Let $S$ be an infinite set of positive integers, $N_S(z)$ be the number of elements of $S$ less than or equal to $z$, and let
$$D_S(z, n, p)= \sum_{k\in S,k\leq z}\chi(k\equiv p\bmod{n}).$$
Here $\chi$ is the indicator function, and $z, p, n$ are positive integers, with $p<n$ and $n>1$. If
$$\lim_{z\rightarrow\infty} \frac{D_S(z,n,p)}{N_S(z)} = \frac{1}{n}$$
for all $n>1$, regardless of $p$, then the set $S$ is said to be congruentially equidistributed, or in other words, free of congruential restrictions.The exact same concept, referred to as "uniformly distributed in $Z$", is discussed in chapter 5 in the book Uniform Distribution of Sequences by Kuipers and Niederreiter (1974), see here. It is related to the concept of equidistribution modulo 1 in the following way: the sequence $x_k$ is equidistributed modulo 1 if and only if the sequence $\lfloor n x_k\rfloor$ is congruentially equidistributed modulo $n$ for all integers $n\geq 2$. The brackets represent the floor function.
Examples
Here $p_k$ denotes the $k$-th prime, with $p_1=2$. The set $S_1$ of all $k+p_k$ seems to be congruentially equidistributed. But the set of all primes is not. The set of squares and the set of cubes are not. If $\alpha$ is irrational, then the set consisting of all $\lfloor \alpha p_k \rfloor$ is congruentially equidistributed: this is a known result. It is also true for the set of all $\lfloor \alpha \beta^k \rfloor$ if $\alpha$ is a normal number in base $\beta$ (here $\alpha > 0$, $k=1,2,\cdots$ and $\beta>2$ is an integer), and for the set of all $\lfloor k \log k \rfloor$ where $k$ is an integer $>0$ (this set has same density as the set of primes). The set $S_2$ consisting of all $(p_{k+1}+p_{k+2})/2$ is also congruentially equidistributed, it seems.
Question
If $S$ is congruentially equidistributed and contains enough elements, say
$$N_S(z) \sim \frac{a z^b}{(\log z)^c} \mbox{ as } z\rightarrow\infty$$
where $a, b, c$ are non-negative real numbers with $\frac{1}{2}< b \leq 1$, is it true that $S+S=\{x+y,$ with $x, y \in S\}$ contains all the positive integers except a finite number of them?

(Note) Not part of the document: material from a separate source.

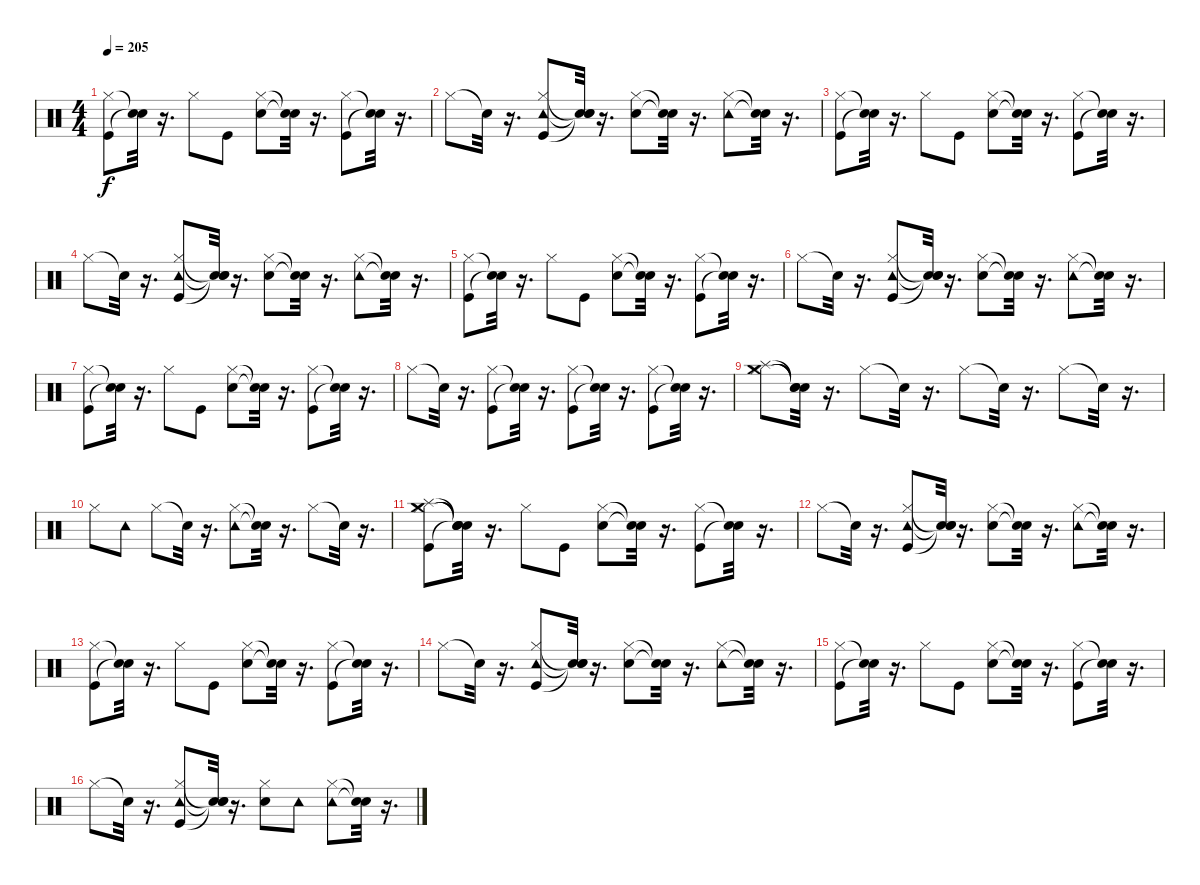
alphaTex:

This statement would be true if $S$ was a random set having the same distribution of elements. More precisely, in that case, as a result of the Borel-Cantelli lemma, $S+S$ almost surely contains all the positive integers but a finite number of them. See the last paragraph in my answer to my previous MO question here, for a justification.

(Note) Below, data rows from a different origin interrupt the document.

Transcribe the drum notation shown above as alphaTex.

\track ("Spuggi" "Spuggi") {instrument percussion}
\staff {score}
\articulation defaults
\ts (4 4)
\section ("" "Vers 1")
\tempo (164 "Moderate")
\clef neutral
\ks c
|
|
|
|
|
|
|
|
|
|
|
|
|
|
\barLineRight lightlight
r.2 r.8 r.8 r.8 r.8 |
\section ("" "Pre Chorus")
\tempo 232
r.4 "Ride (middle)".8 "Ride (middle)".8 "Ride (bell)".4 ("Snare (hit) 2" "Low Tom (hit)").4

Connection to Goldbach conjecture
If $a=1, b=1, c=1$, we are dealing with numbers that are distributed just like prime numbers, so this is connected to the Goldbach conjecture (GC). The set $S_1$ (see example above) seems congruentially equidistributed, thus proving that every large enough integer is the sum of two elements of $S_1$, might be much less difficult than proving GC. The set of primes is NOT congruentially equidistributed, presumably making GC harder to prove. Note that $S_1$ is more sparse than the set of primes. Both $S_1$ and $S_2$ (see example) also have $a=1,b=1, c=1$. So an alternative to GC, easier to prove, could be:
All large enough integer $z$ can be written as $z=x+y$ with $x,y\in S_2$.
Even if you replace primes by super-primes in $S_2$, you would still (I guess) keep the congruential equidistribution, and thus the conjecture would still presumably be easier to prove than GC, even though super-primes are far rarer than primes. Note that for super-primes, $a=1, b = 1, c = 2$.
I also posted a shorter version of this question on MSE, here.